The goals of the process presented in this note are to:

  1. Reduce the impact on continuously running Flink statements: do not redeploy them when not necessary
  2. Reduce the cost of dual environments, and running parallel logic
  3. Simplify the overall deployment of Flink statement changes, and authorize quicker deployment time
  4. Avoid redeploying stateful processing with big state to construct

Context

In a classical blue-green deployment for ETL jobs, the CI/CD process updates everything and once the batch is done, the consumer of the data products, switches to new content.

The following figure illustrates this approach at a high level:

Figure 1: Blue-Green for batch processing

The processing includes reloading the data from the CDC output topics, using S3 Sink Connector to new bucket folder, then re-run the batch processing to create the gold records for consumption by the query engine to serve data to the business intelligence dashboard. When the blue data set is ready the query engine uses another location.

While in real-time processing the concept of blue-green deployment should be limited to the Flink pipeline impacted, as presented in the pipeline management chapter.

The following figure illustrates a steady state of Flink statements processing data across source, intermediate, and fact tables. Raw data originates from Change Data Capture on a transactional database or from event-driven microservices utilizing the transactional outbox pattern. Given the volume of data injected into these raw topics and the necessity of retaining historical data for extended periods, these topics should be rarely re-created.

Figure 2:Real-time processing with Apache Flink within a Data Stream Plarform

To simplify the diagram above the sink connectors to the bucket and Iceberg or Delta Lake format are not presented, but it is assumed that they support upsert semantic.

Iceberg or Delta Lake tables, stored in Apache Parquet format, are directly queried by the query engine. Each pipeline writes records in table format to object storage, such as an S3 bucket, with tables partitioned within folders.

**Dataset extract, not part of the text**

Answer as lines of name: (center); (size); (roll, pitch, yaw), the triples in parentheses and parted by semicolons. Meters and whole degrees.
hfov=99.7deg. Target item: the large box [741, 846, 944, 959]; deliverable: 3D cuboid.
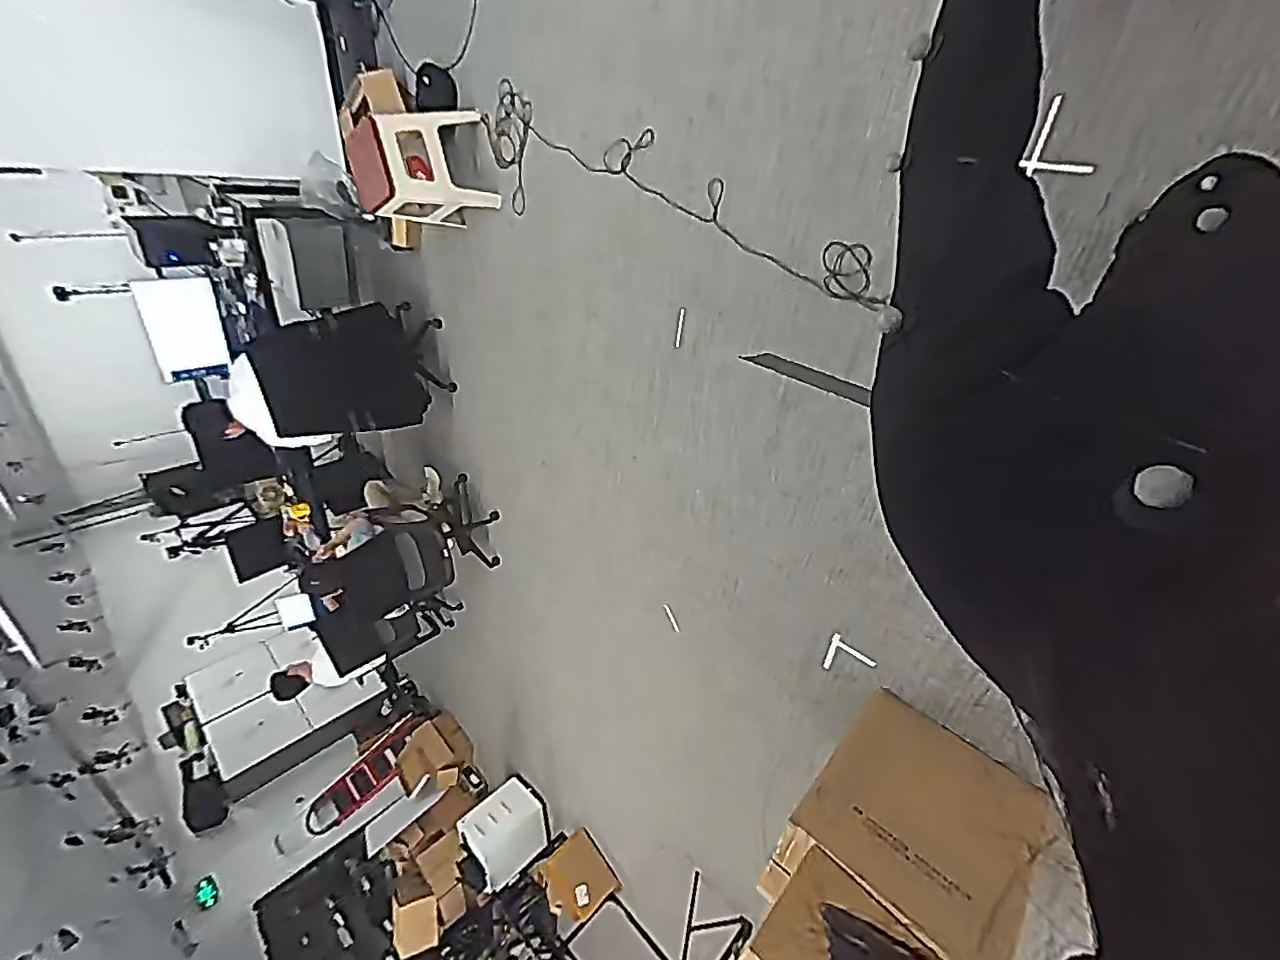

For example, the goal is to modify only the purple statements and redeploy them as part of a blue-green deployment. The general strategy for query evolution involves replacing the existing statement and its corresponding tables with a new statement and new tables. A straightforward approach is to use a release branch for a short period, modify the purple Flink statements, and then deploy them to development, testing, staging, and production environments. Once validated, these statements can be merged into the main branch.

Figure 3:Branching for Flink Statement updates

Once unit tested, the pipeline deployment tool can deploy all impacted Flink statements without affecting existing "green" statements. The figure below illustrates changes to the internal logic of one intermediate statement and the fact creation statements. This approach can also be applied to dimension creation statements.

Figure 4:Flink logic update and impacted statements

The Flink statement to create the intermediate table needs to have a new table name for the output processing. Both DDL and DML are changed.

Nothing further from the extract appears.